Esta comporia uma subdisciplina interna à História como campo disciplinar, e estaria
preocupada com a “formação, conteúdo e efeitos da consciência histórica”
(BERGMANN apud CERRI, p. 109). Assim tomada, a didática da história não se
reduziria à metodologia de ensino, mas também seria pesquisa, que se realiza no seio
da realidade social e assumiria uma postura propositiva na hora do ensino; isso
acabaria por contribuir para o retorno social dos investimentos feitos na História, uma
vez que os pesquisadores, através mesmo da pesquisa de professores, estariam mais
alertados sobre as “demandas de sentido” que a dinâmica histórica produz em dado
momento.
***
Uma pergunta que sempre faço-me durante a leitura de qualquer que seja o
texto: em qual mundo a visão desse autor faria sentido sem que fosse solapada por
outras formas de enxergar as coisas, o mundo e os homens? Apesar da diferença
entre o conceito de consciência histórica em Ariès e Gadamer, construção, e em
Rüsen e Agnes, imanente, na sociedade ela acaba por impor-se prática e eticamente
como proposições que levem à transformação social; para os dois primeiros essa
transformação estaria no sentido de possibilitar o desenvolvimento da consciência
histórica aos que não a possuem; nos outros dois, por reconhecerem a multiplicidade
do saber histórico, logo de diferenciadas consciências históricas, a transformação se
daria por proposições que sejam consensuais, não um resgate dos alienados como
soaria nos primeiros, mas a definição consensual e intencional dos desdobramentos
do saber histórico dominante ou que se assumirá dominante (pergunto-me,
consensual e intencional quanto a quem? Pois no seio social, precipuamente nos
espaços públicos oficiais, a hegemonia do saber histórico acadêmico assume uma
postura clara de violência simbólica, nos termos de Pierre Bourdieu, até mesmo
prática quanto aos outros saberes e os sujeitos que os produzem).

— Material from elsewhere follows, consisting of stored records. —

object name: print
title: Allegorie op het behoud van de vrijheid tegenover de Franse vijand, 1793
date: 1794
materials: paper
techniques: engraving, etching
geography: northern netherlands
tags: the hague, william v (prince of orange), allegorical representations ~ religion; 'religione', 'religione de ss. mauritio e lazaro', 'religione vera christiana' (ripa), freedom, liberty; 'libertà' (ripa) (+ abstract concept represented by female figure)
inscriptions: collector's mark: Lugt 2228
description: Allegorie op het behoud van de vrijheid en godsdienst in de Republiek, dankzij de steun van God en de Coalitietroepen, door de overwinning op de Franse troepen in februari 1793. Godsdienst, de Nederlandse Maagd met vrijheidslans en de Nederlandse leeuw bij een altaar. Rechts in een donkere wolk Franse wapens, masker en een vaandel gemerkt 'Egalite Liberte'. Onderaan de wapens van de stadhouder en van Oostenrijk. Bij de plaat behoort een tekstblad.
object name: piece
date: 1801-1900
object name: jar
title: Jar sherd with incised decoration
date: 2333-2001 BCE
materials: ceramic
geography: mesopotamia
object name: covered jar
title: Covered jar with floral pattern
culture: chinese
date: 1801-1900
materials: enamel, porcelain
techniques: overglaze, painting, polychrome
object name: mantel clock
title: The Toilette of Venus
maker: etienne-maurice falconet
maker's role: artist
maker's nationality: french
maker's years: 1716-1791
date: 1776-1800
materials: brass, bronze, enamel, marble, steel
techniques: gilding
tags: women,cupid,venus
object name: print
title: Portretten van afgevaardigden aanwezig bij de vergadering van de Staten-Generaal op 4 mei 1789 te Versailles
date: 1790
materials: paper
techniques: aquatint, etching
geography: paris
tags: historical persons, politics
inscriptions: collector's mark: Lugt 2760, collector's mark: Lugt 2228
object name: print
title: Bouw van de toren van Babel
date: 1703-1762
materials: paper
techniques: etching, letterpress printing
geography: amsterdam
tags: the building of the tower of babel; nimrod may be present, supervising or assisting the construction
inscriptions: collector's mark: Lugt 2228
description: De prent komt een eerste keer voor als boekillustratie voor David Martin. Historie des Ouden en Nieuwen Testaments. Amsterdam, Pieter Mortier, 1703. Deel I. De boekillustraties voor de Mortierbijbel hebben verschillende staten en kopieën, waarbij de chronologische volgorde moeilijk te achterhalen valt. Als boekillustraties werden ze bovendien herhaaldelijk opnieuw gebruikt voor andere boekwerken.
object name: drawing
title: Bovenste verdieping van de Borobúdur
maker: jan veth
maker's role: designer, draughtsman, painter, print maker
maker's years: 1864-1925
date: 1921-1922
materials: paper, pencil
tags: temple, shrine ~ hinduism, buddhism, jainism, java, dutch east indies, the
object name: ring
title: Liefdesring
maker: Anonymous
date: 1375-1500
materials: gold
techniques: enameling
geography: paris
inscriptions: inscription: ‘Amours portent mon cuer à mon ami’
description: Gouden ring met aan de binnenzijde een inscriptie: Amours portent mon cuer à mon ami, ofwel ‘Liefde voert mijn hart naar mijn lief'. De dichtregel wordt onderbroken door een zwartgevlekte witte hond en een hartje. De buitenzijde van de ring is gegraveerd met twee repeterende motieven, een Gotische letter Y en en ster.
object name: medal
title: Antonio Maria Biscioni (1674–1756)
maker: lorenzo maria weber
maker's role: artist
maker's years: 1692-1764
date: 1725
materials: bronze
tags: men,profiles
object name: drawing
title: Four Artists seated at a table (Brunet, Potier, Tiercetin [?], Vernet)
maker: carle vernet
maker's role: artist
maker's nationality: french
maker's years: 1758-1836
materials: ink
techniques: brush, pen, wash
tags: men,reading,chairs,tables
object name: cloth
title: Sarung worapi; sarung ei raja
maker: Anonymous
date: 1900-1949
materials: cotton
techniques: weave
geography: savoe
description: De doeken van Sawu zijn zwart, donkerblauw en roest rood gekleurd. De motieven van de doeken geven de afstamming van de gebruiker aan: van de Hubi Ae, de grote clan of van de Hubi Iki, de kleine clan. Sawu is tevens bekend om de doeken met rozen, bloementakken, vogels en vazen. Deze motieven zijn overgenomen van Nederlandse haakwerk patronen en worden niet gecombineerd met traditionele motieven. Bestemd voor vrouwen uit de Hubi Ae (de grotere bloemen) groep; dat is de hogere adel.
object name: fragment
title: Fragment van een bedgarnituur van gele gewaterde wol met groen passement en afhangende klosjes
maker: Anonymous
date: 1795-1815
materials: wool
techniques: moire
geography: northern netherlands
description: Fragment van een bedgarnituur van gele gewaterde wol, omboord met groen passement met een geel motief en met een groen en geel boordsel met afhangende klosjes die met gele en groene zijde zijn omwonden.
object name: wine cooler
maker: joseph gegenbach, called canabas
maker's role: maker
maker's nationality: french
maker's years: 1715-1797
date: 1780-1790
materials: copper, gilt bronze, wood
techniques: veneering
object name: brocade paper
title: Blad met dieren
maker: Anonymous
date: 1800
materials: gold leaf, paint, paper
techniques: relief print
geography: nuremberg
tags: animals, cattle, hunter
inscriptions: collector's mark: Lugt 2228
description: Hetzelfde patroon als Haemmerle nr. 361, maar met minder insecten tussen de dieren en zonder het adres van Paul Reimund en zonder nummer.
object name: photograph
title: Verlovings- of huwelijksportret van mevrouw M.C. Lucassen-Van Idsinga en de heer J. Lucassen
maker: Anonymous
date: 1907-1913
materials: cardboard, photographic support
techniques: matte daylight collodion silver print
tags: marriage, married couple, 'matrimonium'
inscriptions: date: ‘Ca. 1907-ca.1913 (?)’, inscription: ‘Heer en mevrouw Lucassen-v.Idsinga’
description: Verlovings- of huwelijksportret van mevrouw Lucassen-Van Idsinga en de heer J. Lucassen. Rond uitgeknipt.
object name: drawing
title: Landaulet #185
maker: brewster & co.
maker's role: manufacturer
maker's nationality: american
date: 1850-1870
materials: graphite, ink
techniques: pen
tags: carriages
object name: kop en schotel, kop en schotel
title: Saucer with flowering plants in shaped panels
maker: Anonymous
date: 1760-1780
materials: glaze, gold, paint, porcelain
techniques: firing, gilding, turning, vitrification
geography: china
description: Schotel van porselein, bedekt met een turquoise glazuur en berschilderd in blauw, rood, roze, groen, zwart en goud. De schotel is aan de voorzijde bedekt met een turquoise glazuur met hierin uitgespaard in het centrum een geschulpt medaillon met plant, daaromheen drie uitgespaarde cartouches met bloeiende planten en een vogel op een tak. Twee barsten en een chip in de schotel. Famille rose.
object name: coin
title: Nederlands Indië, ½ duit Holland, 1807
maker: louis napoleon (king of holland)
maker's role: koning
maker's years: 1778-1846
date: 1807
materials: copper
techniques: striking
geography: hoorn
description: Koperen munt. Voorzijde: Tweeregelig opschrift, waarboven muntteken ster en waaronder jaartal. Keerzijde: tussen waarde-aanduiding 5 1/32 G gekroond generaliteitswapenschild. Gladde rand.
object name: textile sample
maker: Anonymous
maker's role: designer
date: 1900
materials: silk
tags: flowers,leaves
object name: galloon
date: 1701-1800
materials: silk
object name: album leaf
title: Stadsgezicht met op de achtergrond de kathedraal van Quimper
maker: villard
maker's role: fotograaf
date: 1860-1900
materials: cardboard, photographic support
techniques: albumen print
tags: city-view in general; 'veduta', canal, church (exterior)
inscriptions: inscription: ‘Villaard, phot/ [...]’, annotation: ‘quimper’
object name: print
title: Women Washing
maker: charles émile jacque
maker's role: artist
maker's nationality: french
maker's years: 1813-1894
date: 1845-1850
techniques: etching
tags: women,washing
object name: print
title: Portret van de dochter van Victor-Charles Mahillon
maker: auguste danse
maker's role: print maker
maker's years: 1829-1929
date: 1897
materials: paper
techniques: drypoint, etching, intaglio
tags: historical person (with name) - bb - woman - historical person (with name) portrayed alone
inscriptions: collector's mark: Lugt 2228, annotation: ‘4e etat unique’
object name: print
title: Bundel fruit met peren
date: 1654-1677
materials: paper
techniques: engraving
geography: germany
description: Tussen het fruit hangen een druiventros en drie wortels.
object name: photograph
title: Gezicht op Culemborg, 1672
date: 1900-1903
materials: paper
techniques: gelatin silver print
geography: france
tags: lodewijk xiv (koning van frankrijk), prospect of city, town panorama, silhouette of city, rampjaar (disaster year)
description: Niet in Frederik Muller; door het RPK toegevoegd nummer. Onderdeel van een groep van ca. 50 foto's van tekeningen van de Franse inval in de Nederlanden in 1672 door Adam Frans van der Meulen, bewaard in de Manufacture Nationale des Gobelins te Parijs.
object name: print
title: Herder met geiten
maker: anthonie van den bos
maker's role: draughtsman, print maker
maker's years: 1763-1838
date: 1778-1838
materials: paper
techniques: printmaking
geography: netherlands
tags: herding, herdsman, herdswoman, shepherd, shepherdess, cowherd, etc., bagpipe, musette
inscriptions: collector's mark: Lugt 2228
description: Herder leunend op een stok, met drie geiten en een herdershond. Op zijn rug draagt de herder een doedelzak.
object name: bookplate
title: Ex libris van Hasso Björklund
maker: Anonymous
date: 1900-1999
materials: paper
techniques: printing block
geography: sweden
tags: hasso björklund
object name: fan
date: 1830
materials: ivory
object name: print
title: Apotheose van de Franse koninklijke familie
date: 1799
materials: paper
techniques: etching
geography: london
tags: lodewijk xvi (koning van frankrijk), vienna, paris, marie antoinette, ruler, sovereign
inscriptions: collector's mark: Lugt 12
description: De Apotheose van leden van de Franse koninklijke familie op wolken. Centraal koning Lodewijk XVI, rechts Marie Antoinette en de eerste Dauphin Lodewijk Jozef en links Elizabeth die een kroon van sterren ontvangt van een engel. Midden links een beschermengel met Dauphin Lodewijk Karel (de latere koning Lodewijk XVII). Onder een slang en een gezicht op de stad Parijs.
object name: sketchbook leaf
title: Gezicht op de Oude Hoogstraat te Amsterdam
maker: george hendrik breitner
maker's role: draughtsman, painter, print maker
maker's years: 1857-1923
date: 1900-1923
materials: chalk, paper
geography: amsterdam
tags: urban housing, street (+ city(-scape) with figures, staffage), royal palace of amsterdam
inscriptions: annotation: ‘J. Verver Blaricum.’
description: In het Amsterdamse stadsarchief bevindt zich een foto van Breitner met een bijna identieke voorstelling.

No que Cerri traz de Rüsen e Agnes em seu artigo, a consciência histórica seria
consequência de se estar num mundo histórico e do próprio sujeito humano ser
histórico e por conseguir projetar-se nos três sentidos do tempo, o que instauraria uma
necessidade de significação constante do estar-no-mundo, uma vez que uma das
consequência da consciência é a intencionalidade e o agir humano sempre seria
atravessado por algum grau desta. Com isso temos historicidade, consciência
histórica e significação, os três interagem e são constantes na existência humana
independentemente do espaço-tempo. Há algo que se deixou passar nas
considerações sobre historicidade e que me parece permitir habilitar também o
conceito de consciência histórica enquanto construção sem se cair na implicância de
considerar outros indivíduos ou sociedade alienados: aceitamos, atualmente e em
bom número, que tudo na existência humana sofre da história, ou melhor, do princípio
de historicidade, assim o é e foi em todas as épocas que o ser humano esteve. Por
outro lado, se tudo na existência humana sofre de historicidade, na prática, aquilo que
vem à consciência histórica como sendo histórico nem sempre é o mesmo. Em
diferente épocas há coisas que se admite ou não históricos, assim como Gadamer
parece-me que só recentemente tudo o que existe passou a ser tomado como
atravessado pela historicidade. Rüsen traduz isso como a “forma” histórica que algo
geral, a consciência histórica, toma. Ainda assim, não soa-me incorreto falar de
“tomada de consciência” da historicidade de algumas coisas ou abertura da forma da
consciência histórica para coisas que antes não se davam a ela, assim não sendo
consideradas históricas ou parte da consciência histórica; parece-me que são a essas
coisas que, de forma muito mais restrita do que acredito ser, Rüsen chama “tradição”.